Not coincidentally, a young lady this evening approached me and said she was on the verge of a panic attack because she had an assignment due and had been unable to complete it because she was anxious that it wouldn't be perfect...after some coaching, I believe she is rethinking her position about perfection.  At least, I hope so.

SOURCES:
"Perfect." Dictionary.com Unabridged. Random House, Inc. n.d.  Web.  12 Feb. 2014.

"Quotes about Perfection." Goodreads. Goodreads, Inc., n.d. Web. 12 Feb. 2014.

Wednesday, February 5, 2014

Keeping the Plates Spinning

Some time late last year, I came across a pin in Pinterest that got my attention in a way that made me truly pause and reflect on what I am up to on a daily basis.

Often, people ask me "How are you?" and I reply "Really busy, but good."  The truth is that I am really busy, and I believe the things I am busy with are worthwhile, empowering, and for the greater good--or I wouldn't bother with them.  But, on reflecting on the Pinterest pin, I realized that busy for busyness's sake may not doing anybody any good.  

The pin arose from a blog written by Melissa Ramos, an acupuncturist and nutritionist, published in The Huffington Post on November 19, 2013.  The post was titled, "Let's Stop the Glorification of Busy" and this was, not coincidentally, the verbiage of the Pinterest pin I encountered.  Ramos's point is that we cannot continue to lead truly fulfilling lives if we are so busy with incessant minutiae that we fail to live our lives in significant and important ways.  

The Pinterest pin also reminded me of a tongue-in-cheek comment my mother made several years ago about ensuring she had so many projects to do so that she couldn't die until she had completed them all.  I laughed at the time mom made the comment, but have found myself adopting this philosophy (again, somewhat tongue-in-cheek) to justify the myriad projects I embroil myself in. 

I often lament that I need about 36 hours in each day to accomplish all that I need to do.  I remember, somewhat awestruck, the period of my life when I survived for six months on three hours of sleep every night due to an over-committed schedule while I finished my student teaching and credential.  I chastise myself for missing appointments I "forgot" that I really ended up missing because I couldn't make my schedule mesh the way I needed it to.

The truth is that I feel the need to be busy so much that I find myself feeling a bit lost and confused when I don't have "enough" to do.  I almost crave a hectic schedule.  When I'm all "caught up," I wander around wondering which of my remaining projects I should start on and find it difficult to make a decision about which project to tackle next.  So, I find myself over-scheduling yet again so I can have the pressure of the impending deadline to comfort me.  And, I do really good work under that pressure.  
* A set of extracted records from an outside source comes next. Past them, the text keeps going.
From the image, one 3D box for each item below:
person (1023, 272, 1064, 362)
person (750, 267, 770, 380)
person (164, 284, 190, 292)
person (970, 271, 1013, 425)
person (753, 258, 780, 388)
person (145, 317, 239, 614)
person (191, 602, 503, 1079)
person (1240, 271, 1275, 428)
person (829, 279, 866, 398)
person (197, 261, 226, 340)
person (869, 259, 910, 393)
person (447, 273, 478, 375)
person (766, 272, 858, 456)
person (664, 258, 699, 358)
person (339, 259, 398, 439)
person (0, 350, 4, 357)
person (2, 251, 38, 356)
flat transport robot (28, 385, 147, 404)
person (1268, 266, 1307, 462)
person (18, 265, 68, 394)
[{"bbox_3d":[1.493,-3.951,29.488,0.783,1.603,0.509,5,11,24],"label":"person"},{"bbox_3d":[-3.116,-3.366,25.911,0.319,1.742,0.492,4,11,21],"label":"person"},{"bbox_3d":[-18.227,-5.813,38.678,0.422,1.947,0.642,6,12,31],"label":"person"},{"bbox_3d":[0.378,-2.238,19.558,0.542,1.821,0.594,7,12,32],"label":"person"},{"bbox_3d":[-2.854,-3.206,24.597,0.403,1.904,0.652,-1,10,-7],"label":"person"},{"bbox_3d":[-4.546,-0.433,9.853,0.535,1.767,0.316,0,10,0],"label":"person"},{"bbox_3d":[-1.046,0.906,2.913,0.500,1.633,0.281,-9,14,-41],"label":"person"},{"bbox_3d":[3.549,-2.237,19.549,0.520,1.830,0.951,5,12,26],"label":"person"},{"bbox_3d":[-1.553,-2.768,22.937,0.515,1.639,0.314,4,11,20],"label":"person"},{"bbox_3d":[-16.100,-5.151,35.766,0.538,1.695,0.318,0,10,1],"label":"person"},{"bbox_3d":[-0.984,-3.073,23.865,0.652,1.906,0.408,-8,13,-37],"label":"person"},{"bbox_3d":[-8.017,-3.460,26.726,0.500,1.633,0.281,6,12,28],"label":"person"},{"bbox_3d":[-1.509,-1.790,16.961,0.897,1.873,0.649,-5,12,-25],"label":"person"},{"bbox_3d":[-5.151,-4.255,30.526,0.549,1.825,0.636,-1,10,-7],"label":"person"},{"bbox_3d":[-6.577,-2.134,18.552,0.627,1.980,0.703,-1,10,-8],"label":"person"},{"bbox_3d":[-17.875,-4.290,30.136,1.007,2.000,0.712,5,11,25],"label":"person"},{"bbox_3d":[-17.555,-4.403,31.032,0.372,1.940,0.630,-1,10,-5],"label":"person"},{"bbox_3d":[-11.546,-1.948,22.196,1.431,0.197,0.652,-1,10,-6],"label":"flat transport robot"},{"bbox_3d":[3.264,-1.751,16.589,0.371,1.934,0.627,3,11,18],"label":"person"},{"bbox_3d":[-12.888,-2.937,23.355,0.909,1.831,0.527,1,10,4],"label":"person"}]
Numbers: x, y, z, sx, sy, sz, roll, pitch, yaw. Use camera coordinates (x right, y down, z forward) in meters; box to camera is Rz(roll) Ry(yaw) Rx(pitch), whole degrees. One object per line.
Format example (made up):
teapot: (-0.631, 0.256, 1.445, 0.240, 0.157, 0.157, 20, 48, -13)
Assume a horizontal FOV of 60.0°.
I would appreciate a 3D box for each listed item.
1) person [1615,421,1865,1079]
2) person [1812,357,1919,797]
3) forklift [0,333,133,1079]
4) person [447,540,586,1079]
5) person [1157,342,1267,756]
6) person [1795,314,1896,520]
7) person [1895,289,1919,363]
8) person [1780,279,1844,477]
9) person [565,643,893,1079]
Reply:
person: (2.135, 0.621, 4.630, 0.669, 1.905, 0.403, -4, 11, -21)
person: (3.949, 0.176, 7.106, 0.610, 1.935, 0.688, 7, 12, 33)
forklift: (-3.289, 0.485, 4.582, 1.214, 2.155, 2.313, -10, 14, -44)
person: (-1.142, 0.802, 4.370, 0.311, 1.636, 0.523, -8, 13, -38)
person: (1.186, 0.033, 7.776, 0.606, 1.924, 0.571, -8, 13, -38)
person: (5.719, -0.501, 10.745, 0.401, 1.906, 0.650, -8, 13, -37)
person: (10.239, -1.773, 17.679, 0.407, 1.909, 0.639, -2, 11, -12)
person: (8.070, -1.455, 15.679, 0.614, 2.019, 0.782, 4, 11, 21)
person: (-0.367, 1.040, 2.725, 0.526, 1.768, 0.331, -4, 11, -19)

Is this over-scheduling exhausting?  Yes.  Do I sometimes wish I could unwind?  Of course.  Are parts of my life suffering from my busyness?  Maybe...  Do I really need to change anything?  Um...not sure.  Do I find fulfillment in the projects I engage?  ABSOLUTELY--why else would I do this to myself?  

I'm not really sure that being busy is a bad thing, but the Pinterest pin nags at the back of my mind anyway. This is good because that nagging has allowed me to begin to do some things just to recharge my spirit and reconnect with the reasons I commit myself to the projects I do.  The truth is that I have become, like many 21st century moms, a really good plate spinner.